Price Range 52 Weeks
Some of the best financial predictions are formed by using a variety of financial tools. The Price Range 52 Weeks is one of the tools that investors use to determine the lowest and highest price at which a stock has traded in the previous 52 weeks. The Price Range of SunPower Corporation (NasdaqGS:SPWR) over the past 52 weeks is 0.658000. The 52-week range can be found in the stock’s quote summary.
Shifting gears, we can see that SunPower Corporation (NasdaqGS:SPWR) has a Q.i. Value of 90.00000. The Q.i. Value ranks companies using four ratios. These ratios consist of EBITDA Yield, FCF Yield, Liquidity, and Earnings Yield. The purpose of the Q.i. Value is to help identify companies that are the most undervalued. Typically, the lower the value, the more undervalued the company tends to be.
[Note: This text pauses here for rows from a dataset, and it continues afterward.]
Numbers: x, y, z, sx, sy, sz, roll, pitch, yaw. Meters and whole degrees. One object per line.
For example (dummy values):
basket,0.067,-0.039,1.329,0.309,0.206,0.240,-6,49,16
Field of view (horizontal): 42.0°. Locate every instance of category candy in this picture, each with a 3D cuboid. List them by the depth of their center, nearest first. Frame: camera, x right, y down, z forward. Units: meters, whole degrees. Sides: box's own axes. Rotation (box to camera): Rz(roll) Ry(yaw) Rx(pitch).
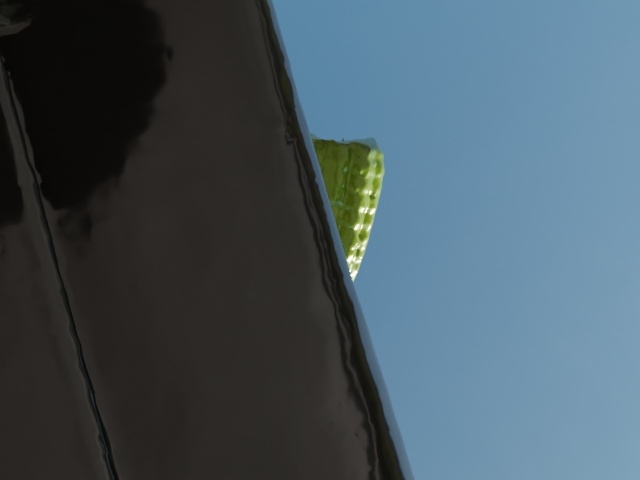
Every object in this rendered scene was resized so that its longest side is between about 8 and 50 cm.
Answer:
candy,0.000,0.000,0.786,0.097,0.097,0.209,15,-85,22

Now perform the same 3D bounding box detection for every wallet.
wallet,-0.099,-0.007,0.360,0.228,0.062,0.406,-15,-95,-25
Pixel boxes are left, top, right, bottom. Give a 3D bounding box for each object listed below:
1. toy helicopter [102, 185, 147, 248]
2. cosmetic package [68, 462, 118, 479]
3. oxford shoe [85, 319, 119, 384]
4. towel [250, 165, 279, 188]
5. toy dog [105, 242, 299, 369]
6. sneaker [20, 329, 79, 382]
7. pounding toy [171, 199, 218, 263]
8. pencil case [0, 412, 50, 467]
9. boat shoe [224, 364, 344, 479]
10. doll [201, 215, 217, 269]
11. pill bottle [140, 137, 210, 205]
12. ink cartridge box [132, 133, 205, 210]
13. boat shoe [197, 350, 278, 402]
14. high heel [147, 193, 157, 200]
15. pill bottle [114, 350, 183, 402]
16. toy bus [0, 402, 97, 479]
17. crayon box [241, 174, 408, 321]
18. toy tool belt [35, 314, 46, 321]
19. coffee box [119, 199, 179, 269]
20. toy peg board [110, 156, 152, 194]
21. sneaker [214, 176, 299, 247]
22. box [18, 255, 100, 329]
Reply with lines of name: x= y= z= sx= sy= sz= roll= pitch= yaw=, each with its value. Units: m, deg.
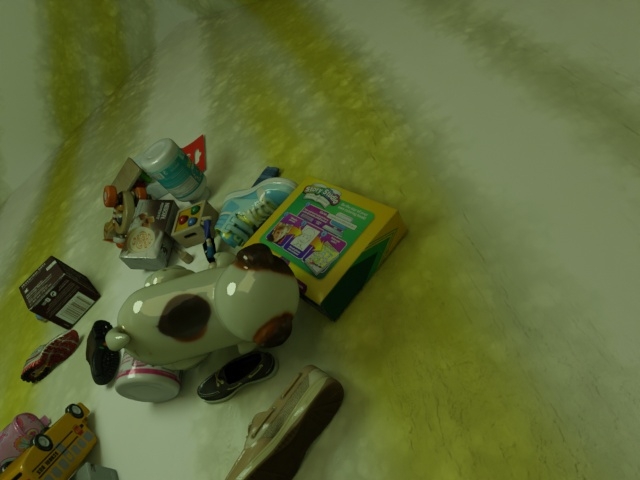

Another signal that many company execs and investors don’t want to talk about is the C-Score. The C-Score is a system developed by James Montier that helps determine whether a company is involved in inflating their financial statements. The C-Score is calculated by a variety of items, including a growing difference in net income verse cash flow, increasing days outstanding, growing days sales of inventory, increasing assets to sales, declines in depreciation, and high total asset growth. The C-Score of SunPower Corporation (NasdaqGS:SPWR) is 1.00000. The score ranges on a scale of -1 to 6. If the score is -1, then there is not enough information to determine the C-Score. If the number is at zero (0) then there is no evidence of fraudulent book cooking, whereas a number of 6 indicates a high likelihood of unusual activity. The C-Score assists investors in assessing the validity of financials.
At the time of writing, SunPower Corporation (NasdaqGS:SPWR) has a Piotroski F-Score of 4. The F-Score may help discover companies with strengthening balance sheets. The score may also be used to spot the weak performers. Joseph Piotroski developed the F-Score which employs nine different variables based on the company financial statement. A single point is assigned to each test that a stock passes. Typically, a stock scoring an 8 or 9 would be seen as strong. On the other end, a stock with a score from 0-2 would be viewed as weak.
The investing world can be an exciting yet scary place. It is an ever-changing environment filled with profits, losses, and everything in-between. There are always new challenges waiting right around the corner for the individual investor. Just when things seem stable and steady, some unexpected event can send markets into a tizzy. Most investors try hard to create a stock portfolio that can stand on its own during the stormy periods. Unsettling market conditions come with the territory, but knowing how to deal with these conditions can separate the winners from the losers over the long run.